One of several reasons I left academe was the game-playing that students, faculty, and administrators played with grading. The school was funded on full-time equivalent students, which meant that, while lip service was paid to quality, it was only coincidental and randomly associated with the real task--making sure students didn't drop out of school or classes. The students understood and the administration made sure the faculty did. So anyone daring to be "hard" would lose students and pud classes became the norm. "Pud" meant either average grades for no work or A's for everyone. Grades, GPAs, and education became meaningless.

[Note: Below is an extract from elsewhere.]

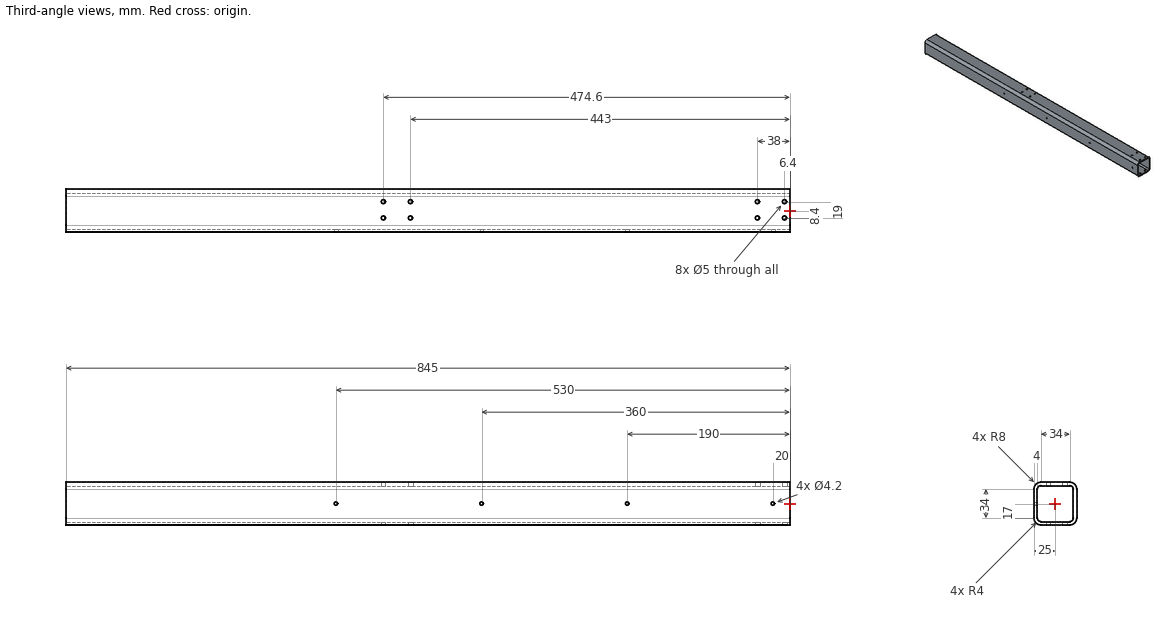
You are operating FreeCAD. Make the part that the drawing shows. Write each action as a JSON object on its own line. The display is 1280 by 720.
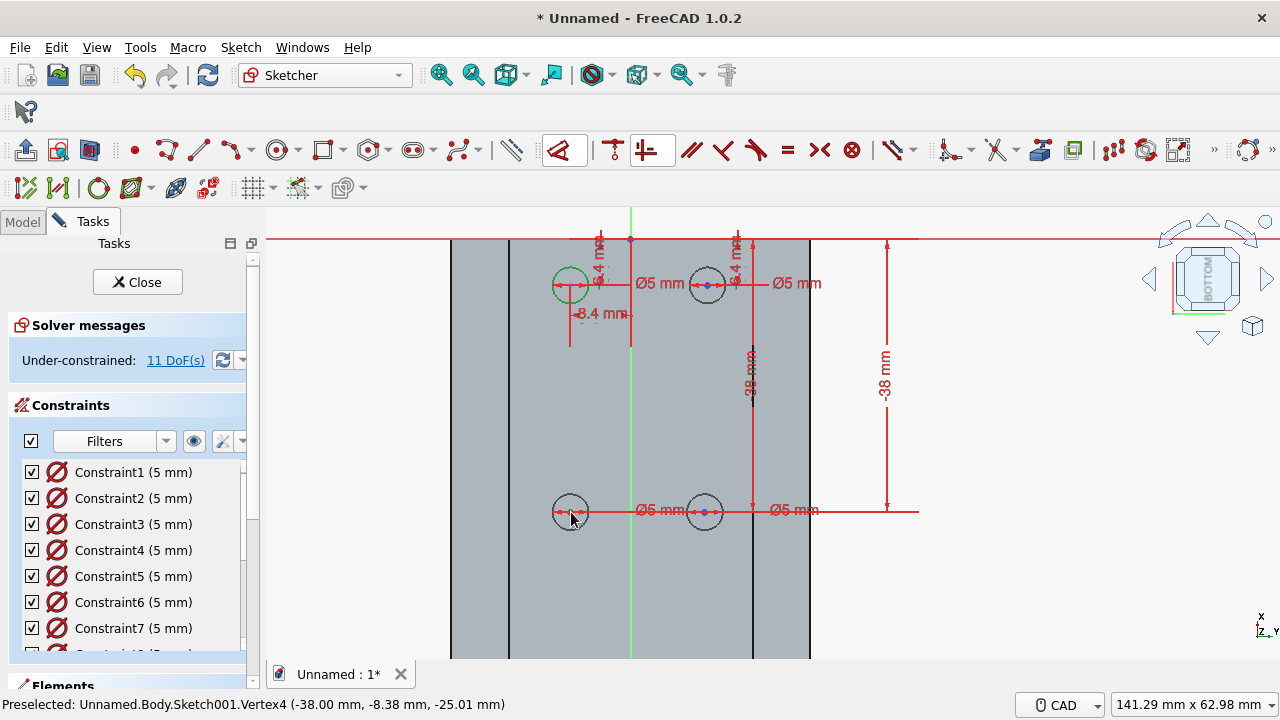
{"action": "left_click", "coordinate": [582, 150]}

Well, finally someone has not only glommed onto the problem but has figured out a way to deal with it. Instead of grading the traditional way, where no one can tell how hard a class was or how the students mixed talent-wise, do it this way: statistically account for the level of students in the class (entering standardized test scores, school and/or major GPA) and the grades given in it so that getting an A in a class filled with dullards (and yes, this is elitist, and yes, these classes exist) who also get As won't count as much on the GPA as an A in a class that demands something and has good students in it. Getting a B in such a class might even count more than an A in the too-close-to-the-truth basketweaving class. Students just there to party on parents' dimes (and yes, they exist in large numbers) might not care one way or the other, but on the margin you would discourage the sluffing off of brighter kids afraid to challenge themselves or learn important things for fear of a later grade point that might keep them out of grad school or a great job. Of course, some of them at U of NC where this is being considered are griping already but tough. College is there for the purpose of serving this society and our communities, not students, and the decline of higher ed began when we forgot that a few decades back.
But more important than anything else in this, and not mentioned in the article: how do you get employers to actually start basing decisions on that GPA? Grad schools aren't enough, although they would be a good start. In any case, this brightened my mood more than anything I've read in a long time. Which means I need to do a "Weather, Water, Energy" post and get back to normal.